Polymorphic sites in genomic DNA were analyzed by high-throughput site-specific TaqMan assays. The primers, probes, and assay conditions were developed at Albany Molecular Research Inc., Bothell, Wash. Molecular probes were designed to specifically determine SNP sites that we had previously identified by conventional sequencing (18) and listed in Table 1. The six sites that were assayed included sites 322 (−379), 668 (−44), 692 (−20), 1654 (V37I), 1741(C66S), 1836 (polyadenylation site). Numbering is in accordance with GenBank accession nos. U50930 and U50931; the information in parentheses refers to the position relative to the beginning of the protein sequence (ATG) start site or to the altered amino acid. The primers and PCR conditions used for amplification by the TaqMan assays are listed in Table 1. The 7700 sequence detection system (Perkin-Elmer, Foster City, Calif.), a 96-well, laser and fiber optic reading instrument, was used for high-throughput analysis of genomic DNA samples. Fluorophores VIC (a proprietary fluorescent reporter dye) and 6-carboxyfluorescein (FAM) and a quencher (6-carboxy-N,N,N′,N′-tetramethylrhodamine [TAMRA]) were incorporated into the specific wild-type VIC and mutant FAM probes for SNP determination. The TaqMan 5′ nuclease assay is a homogeneous technique for determination of nucleotide mutations or polymorphisms (34). This assay is based upon the binding of a fluorescence-labeled probe to the specific single-stranded DNA segment that contains the SNP site. The fluorescent probe is nonfluorescing when it is in close proximately to the quencher (Förester resonance energy transfer). When the tag (probe) is freed from the primer, a characteristic fluorescent signal is detectable and the quenching effects are negated.

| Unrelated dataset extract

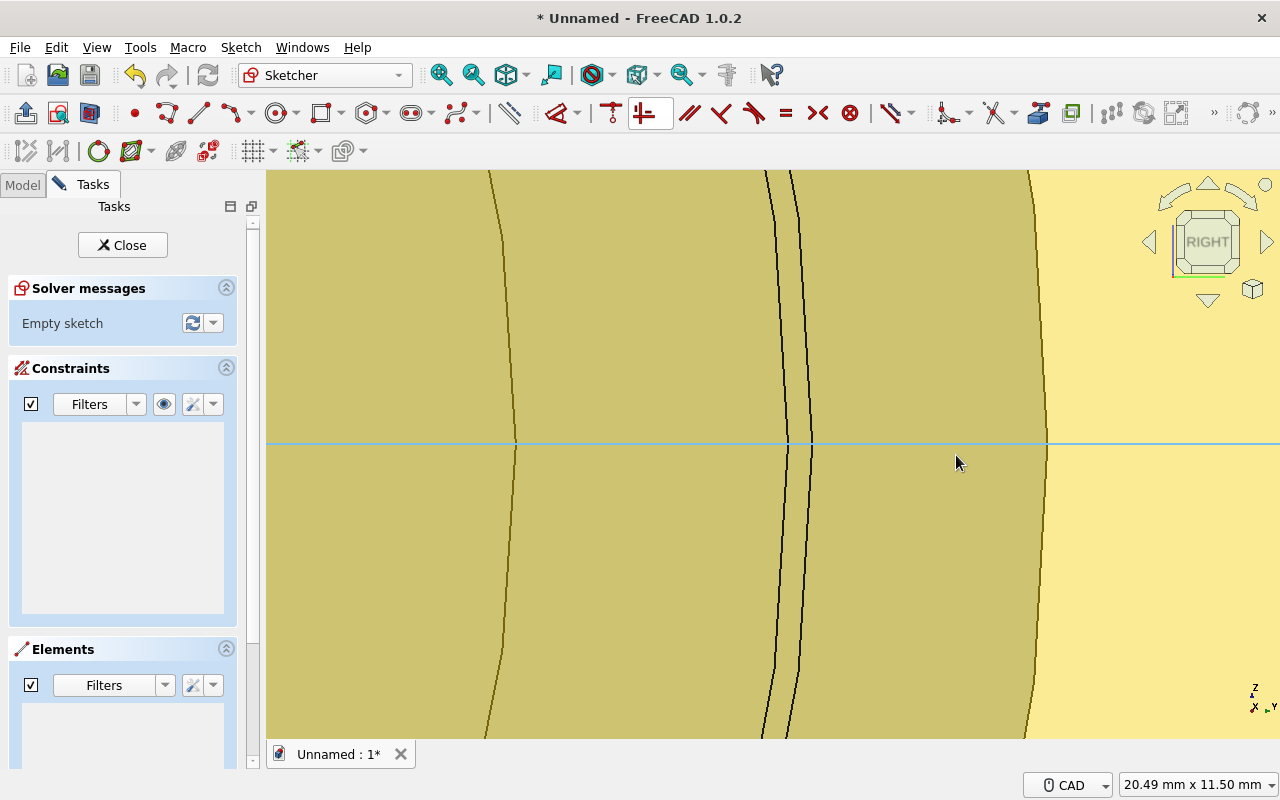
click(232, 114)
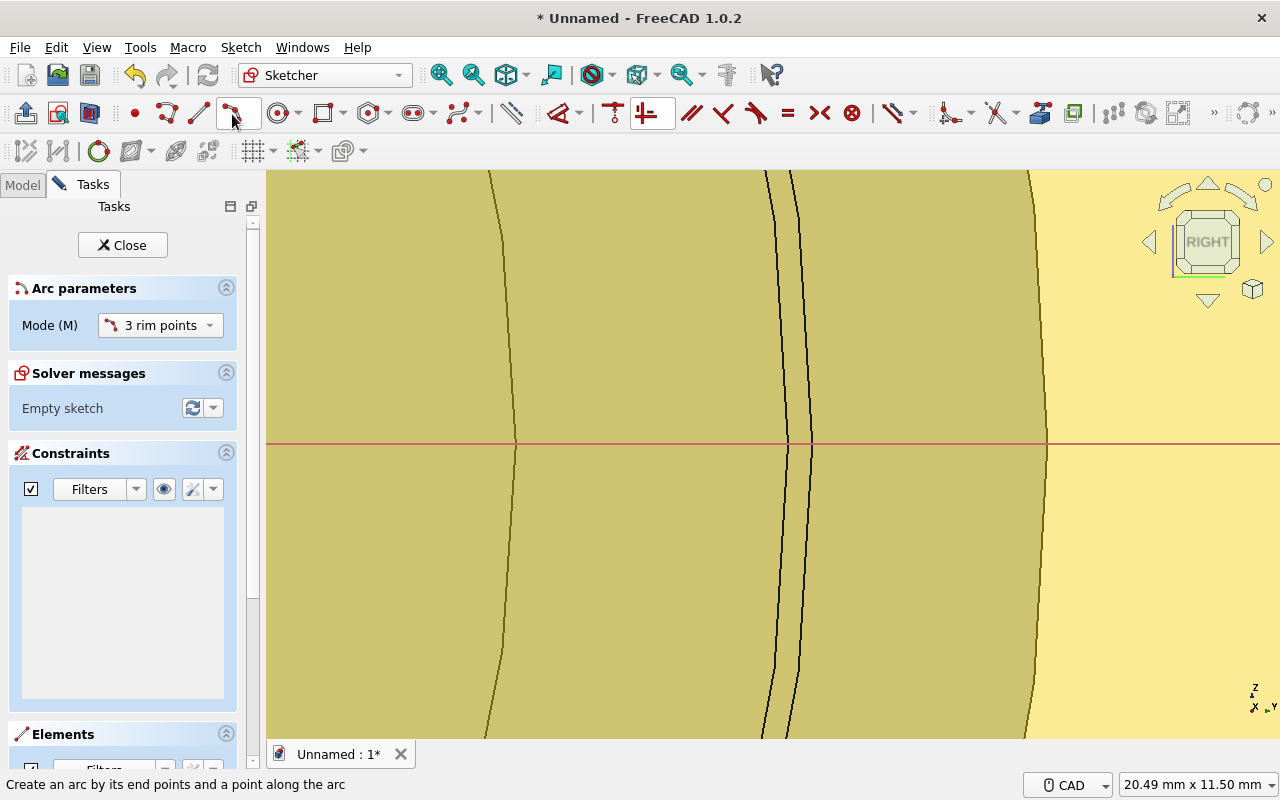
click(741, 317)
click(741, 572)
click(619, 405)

The use of an exonuclease in the amplification reaction releases the fluorescent label if binding occurs, and the resultant signal is determined as a function of the allele sequence.

TABLE 1.

Primers, probes, and conditions for hBD-1 SNP TaqMan assays^a

SNP and primers and probesb	Sequencec	Tm (°C)	PCR conditions; amplican size (Tm)
SNP 322 (−379) (T→A)
322 F primer	5′-CAAGGGAAGAGGGTGAAGTTTGAG-3′	60.2	50°C for 2 min. 95°C for 10 min. and 40 cycles of 95°C for 15 s and 64°C for 1 min; 174 bp (78.2°C)
322 R primer	5′-TGATGGGGTTTCTGGAACAGGC-3′	59.6
322 WT probe	5′-CAGAGCTTCCCTGTGGCTCTCC-3′	67.0
322 MUT probe	5′-CAGAGCTTCCCAGTGGCTCTCC-3′	67.0
SNP 668 (−44) (C→G)
668 F primer	5′-GACGAGGTTGTGCAATCCACCAG-3′	60.2	50°C for 2 min, 95°C for 10 min, and 40 cycles of 95°C for 15 s and 64°C for 1 min; 156 bp (77.9°C)
668 R primer	5′-GCAGAAGGTAGGAAGTTCTCATGGCG-3′	62.2
668 WT probe	5′-AGCCAGCCTCTCCCCAGTTCC-3′	68.3
668 MUT probe	5′-AGCCAGCGTCTCCCCAGTTCC-3′	66.3
SNP 692 (−20) (A→G)
692 F primer	5′-GACGAGGTTGTGCAATCCACCA-3′	60.2	50°C for 2 min, 95°C for 10 min, and 40 cycles of 95°C for 15 s and 62°C for 1 min, 156 bp (77.9°C)
692 R primer	5′-GCAGAAGGTAGGAAGTTCTCAT-3′	62.2
692 WT probe	5′-TGGCAGGCAACACTCAGGATTTC-3′	67.8
692 MUT probe	5′-TGGCAGGCAACACCCAGGAT-3′	68.3
SNP 1654 (G→A) V371
1654 F primer	5′-CGTTGCAGCTACAAGCCATGAGTC-3′	59.8	50°C for 2 min, 95°C for 10 min, and 40 cycles of 95°C for 15 s and 62°C for 1 min; 157 bp (75.2°C)
1654 R primer	5′-TGAATTTTGGTAAAGATCGGGCAGG-3′	61.1
1654 WT probe	5′-CAATTGCGTCAGCAGTGGAGG-3′	66.3
1654 MUT probe	5′-CAATTGCATCAGCAGTGGAGGG-3′	67.2
SNP 1741 (T→A) C66S
1741 F primer	5′-TTCTGCCTGCCCGATCTTTACC-3′	59.1	50°C for 2 min, 95°C for 10 min, and 40 cycles of 95°C for 15 s and 62°C for 1 min; 107 bp (73.5°C)
1741 R primer	5′-TTTCACTTCTGCGTCATTTCTTCTGG-3′	59.7
1741 WT probe	5′-CCAAGTGCTGCAAGTGAGCTGAG-3′	66.8
1741 MUT probe	5′-CCAAGTGCAGCAAGTGAGCTGAG-3′	66.8
SNP 1836 (A→G) poly A site
1836 F primer	5′-GCTGAGAGTGACCAGAAGAAATGACG-3′	60.4	50°C for 2 min, 95°C for 10 min, 40 cycles of 95°C for 15 s and 62°C for 1 min; 164 bp (71.5°C)
1836 R primer	5′-AACCCATGCACCCTAACCCCC-3′	60.5
1836 WT probe	5′-CTTTTGAAGTATACCTCCTTTGGGCC-3′	65.0
1836 MUT probe	5′-CTTTTGAAGTGTACCTCCTTTGGGC-3′	65.2

^aAbbreviations: T_m, melting temperature; WT, wild type; MUT, mutant.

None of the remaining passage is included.